What kind of load, and why do you need frequency stability? For most
equipment, frequency stability is a non-issue.

I can recommend the Best and Liebert online UPS systems. The 12KVA and
larger units can be slaved to an external reference oscillator if you
really need stability, and they can be specified to under 2% line distortion.
The Invensys BPIII Industrial is a good choice if you need more than 100 KVA.

If you need better than 2% distortion and only have small loads, Abacus
Controls, KGS Electronics, and Industrial Test Equipment, Inc. all make
stabilized AC supplies. Count on closer to $10/watt, though, as opposed
to around $1/watt for the cheaper Best and Liebert gear.

We replaced our 400 Hz motor-generator set systems with a bunch of the
smaller Abacus Controls boxes, and they are phenomenally more convenient.
No poking, no prodding, no calling down to the basement to fire the converter
up in the morning.
--scott
 
W

William P.N. Smith

Jan 1, 1970
0
What would you recommend to get a nice clean pure sine wave, with no spikes
or other high frequency hash, and is also locked tight to a frequency standard
(unlike the utility power which has the liberty to tweak the frequency when
demand is too high). This will need to also have backup capability, which
might be for an extended period of time, which means a generator may be the
source of power at times.

Note: I'm not the original poster of this thread, but I have a similar
interest.

Wow, that's a lot of requirements, I'd revisit them first to see if
what I was trying to do could be done in a more economical fashion.
In a brute-force kinda world, you'd end up with one of the HP AC
sources that John was talking about, running off a separate UPS, with
a backup generator, but that's a whole ton of money compared to (for
instance) running your device off batteries and using a real frequency
standard for the parts that care about that.
 
W

William P.N. Smith

Jan 1, 1970
0
Anyone know of any place selling 1/8" stereo inline isolation
transformers?

WalMart has them for cars, so you'll need Phono-to-headphone adapters.
Worked wonders for fixing the ground loop problem my iPod had with my
AUX input in my car...
 
M

Monte P McGuire

Jan 1, 1970
0
I am in need of a power conditioner for my home recording studio. I was
wondering if I could use some of the components I already have. I want to
run my equipment off of an inverter, which would be connected to a 12volt
battery, which would be constantly charged by a battery charger. Has anyone
done this? Is it a logical way to get clean power?

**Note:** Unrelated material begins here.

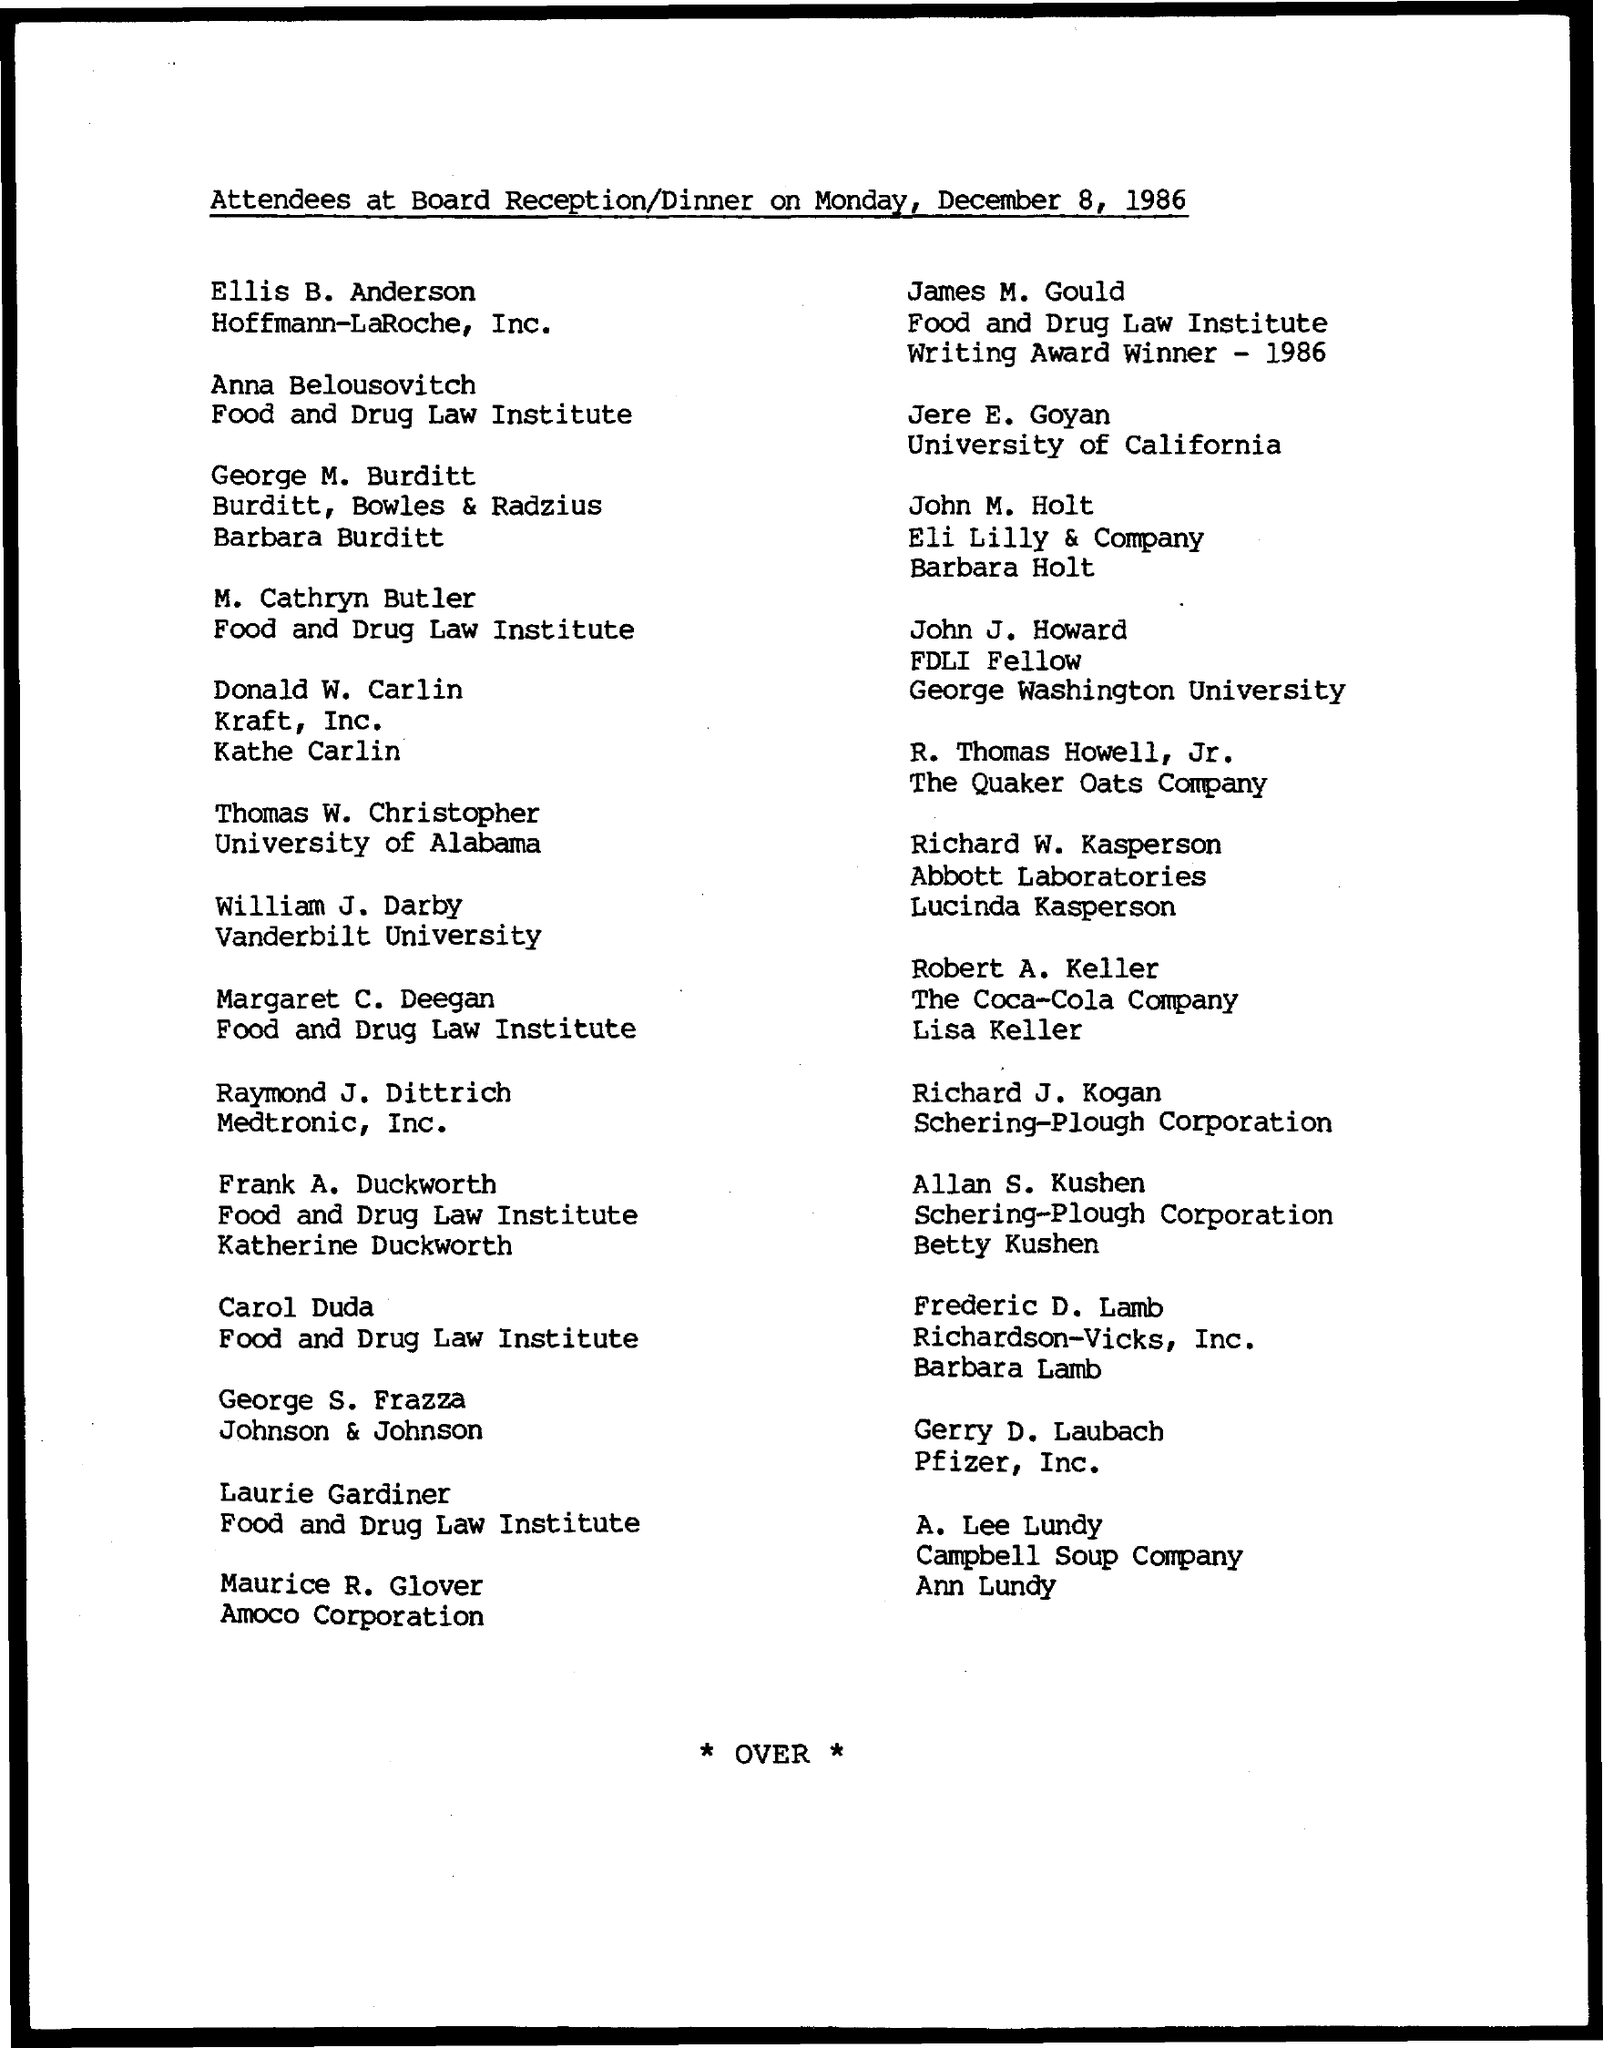When is the Board Receipt/Dinner?
Ensure brevity in your answer.  Monday, December 8, 1986. Where is Jere E. Goyan from?
Make the answer very short. University of California.

This sounds like a great waste of energy, both human and electrical.
Is your AC line really that bad? Professional audio equipment works
just fine with normal power company AC power.

The only thing I'd recommend is using a UPS if you'll operate a DAW
and you don't want to deal with short outages and glitches. The APC
SmartUPS sine wave output models are pretty good for this use. I bill
out time on my rig, and having a UPS prevents downtime, which saves
everyone.

Aside from that, the power conditioning setup you describe sounds like
a potentially dangerous, expensive waste of time, energy and money.
Unless of course, you have some real problem with utility power that
I'd be interested in hearing about so we can suggest a workable
solution.


Regards,

Monte McGuire
[email protected]
 
W

Watson A.Name \Watt Sun - the Dark Remover\

Jan 1, 1970
0
Scott said:
What kind of load, and why do you need frequency stability? For most
equipment, frequency stability is a non-issue.
I can recommend the Best and Liebert online UPS systems. The 12KVA and
larger units can be slaved to an external reference oscillator if you
really need stability, and they can be specified to under 2% line distortion.
The Invensys BPIII Industrial is a good choice if you need more than 100 KVA.
If you need better than 2% distortion and only have small loads, Abacus
Controls, KGS Electronics, and Industrial Test Equipment, Inc. all make
stabilized AC supplies. Count on closer to $10/watt, though, as opposed
to around $1/watt for the cheaper Best and Liebert gear.
We replaced our 400 Hz motor-generator set systems with a bunch of the
smaller Abacus Controls boxes, and they are phenomenally more convenient.
No poking, no prodding, no calling down to the basement to fire the converter
up in the morning.
--scott

We had a 80kVA Exide UPS for our computer room, then replaced it with a
150kVA Exide, that we have today.

We need to get a couple 2 to 3 kVA UPSes for some PBXes, and we've been
using Fortress and APCs lately. Are there any better UPSes out there?
The PBX uses a ferroresonant transformer in the constant voltage 48VDC
PS. If that makes any diff.
 
A

Arny Krueger

Jan 1, 1970
0
Joe said:
I am in need of a power conditioner for my home recording studio. I
was wondering if I could use some of the components I already have.
I want to run my equipment off of an inverter, which would be
connected to a 12volt battery, which would be constantly charged by a
battery charger. Has anyone done this? Is it a logical way to get
clean power?

First make sure that you have bad power. This device will give you a number
of objective clues:

http://www.smarthome.com/9034.html
 
K

Kurt Albershardt

Jan 1, 1970
0
What would you recommend to get a nice clean pure sine wave, with no spikes
or other high frequency hash, and is also locked tight to a frequency standard
(unlike the utility power which has the liberty to tweak the frequency when
demand is too high). This will need to also have backup capability, which
might be for an extended period of time, which means a generator may be the
source of power at times.

With the frequency requirement, you're basically looking at a double conversion online UPS--whether prepackaged or soemthing you piece together.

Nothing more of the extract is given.